# First time prospective owners - Stranger friendly?



## FirstTimeVizsOwners (Dec 29, 2014)

Hello! My husband I are excited to be possible first-time owners of a Vizsla in the spring. We both grew up with labs, so are new to the breed but have done extensive research. We fell in love with the breed while on a pheasant hunt. We live in a rural area, on an Angus beef farm, with daily visitors consisting of family, friends, and customers (including children). We will be socializing this puppy A TON, but want current owner perspectives and experiences of their V's stranger friendliness, temperament with visitors, and protective tendencies. As much as we have our hearts set on a Vizsla, we want to be sure that we have a dog who will happily greet all visitors. THANK YOU for ALL of your input!


----------



## texasred (Jan 29, 2012)

*Re: First time perspective owners - Stranger friendly?*

While nothing in life is a 100% guarantee, you can up the odds by meeting the parents. If both are friendly outgoing dogs with strangers, then your pup has a good chance of being the same way. 
Just like any breed, not all of them will have the same temperament.


----------



## mswhipple (Mar 7, 2011)

*Re: First time perspective owners - Stranger friendly?*

Hello, and welcome to the forums!! TexasRed is right! Probably your best source of information regarding your dog's temperament is his breeder. The two things that will have the biggest impact on your dog's temperament are socialization and breeding... and of course, you can control one but not the other. 

I can't speak for all dogs, only my own. Because I adopted him from the dog pound when he was about two, I had no knowledge of his breeding, and no control over his early socialization. That being said, he has the most delightful temperament I have ever seen in a dog. He loves everyone and welcomes everyone enthusiastically. He does have a protective side, too, though. If a contractor is inside my house to do work on something, my boy Willie always places himself between me and the stranger. Again, I am not sure if this is characteristic of the breed, or if I just got lucky! ;D


----------



## MCD (May 4, 2013)

*Re: First time perspective owners - Stranger friendly?*

First time vizsla owner too. Yes they are generally very friendly and loving to every one. I often have to keep Dharma from jumping on people when they come to the door. Dharma like all vizslas is Velcro and needs to be around her people. Socialization is a very big key in the development of these dogs. Also it sounds like you have the ideal circumstances for having this type of dog too. Dharma will not go to sleep if we have company and not until every one is settled for the night. She also needs to show every one her toys when she gets released from her crate. As suggested in other posts, it is good to meet the parents of your puppy and talk with the breeder.


----------



## MeandMy3 (Feb 27, 2013)

*Re: First time perspective owners - Stranger friendly?*

We have both breeds - one vizlsa and four labs. Our vizsla is less protective and quicker to befriend someone than our labs. Our vizsla thinks she is everyone's best friend. Our labs are more cautious and much more protective of me (at least our older two are). With proper socialization and training, you will have the dog you want.


----------



## dextersmom (Oct 29, 2013)

*Re: First time perspective owners - Stranger friendly?*

I think most V owners would tell you that you'll have more of a problem getting your dog to stop jumping on strangers and kissing them to death than trying to scare them off 

Always a good idea to meet the parents, do lots of socialization, etc. but V's are generally super friendly (almost to a fault sometimes). Our boy thinks the entire world exists to make friends and play with him. 

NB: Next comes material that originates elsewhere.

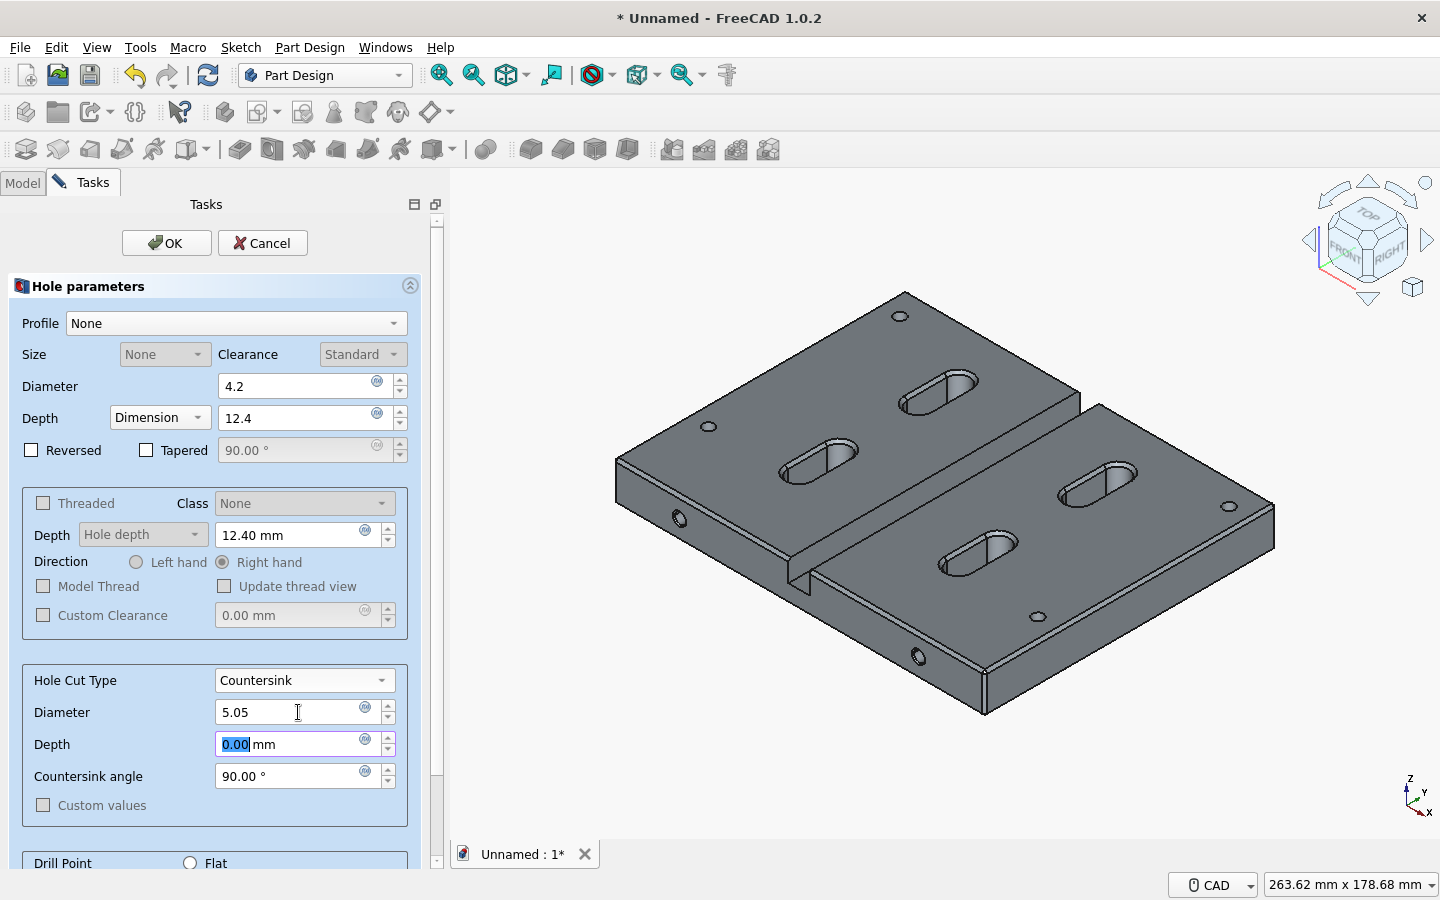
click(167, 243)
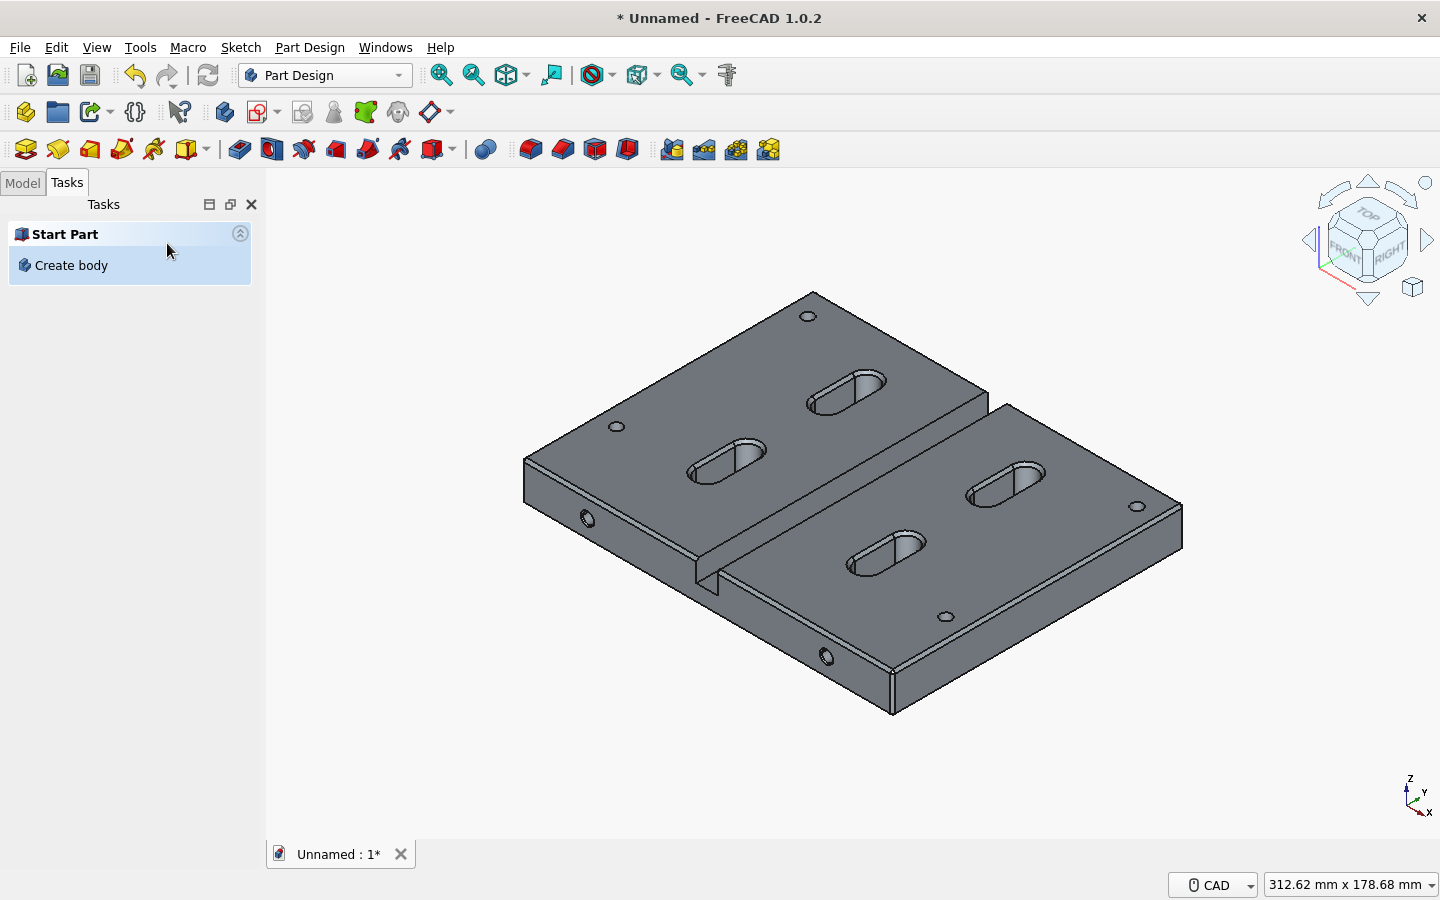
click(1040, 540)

We now have a weim pup, and it's been interesting, because she is very standoffish around strangers. On our walk this morning, we heard kids giggling while getting into their car. Our Vizsla's tail was wagging and his butt was wiggling, but our weim let out a small bark and backed up.

That being said, our V is a bit protective of our home/yard and the car. He will bark with his big dog voice if he hears/sees someone he doesn't know approach either. As long as that person looks happy to see him, he soon starts wiggling though


----------



## einspänner (Sep 8, 2012)

*Re: First time perspective owners - Stranger friendly?*

It sounds like you have the ideal set up for one of these dogs! My girl is extremely friendly and seems to reign in her energy around children naturally. That's not to say she is calm around them though! She readily accepts anyone that comes into our home and would lovingly beat them to death with her wagging tail if allowed. 

I would never depend on her to protect me from someone, but her keen sense of smell and hearing, as well as some behaviors learned from my very protective chow mix has created a dog that will alert me to any unusual sounds and sometimes bark or growl when people pass our yard, though she quickly stops when I tell her.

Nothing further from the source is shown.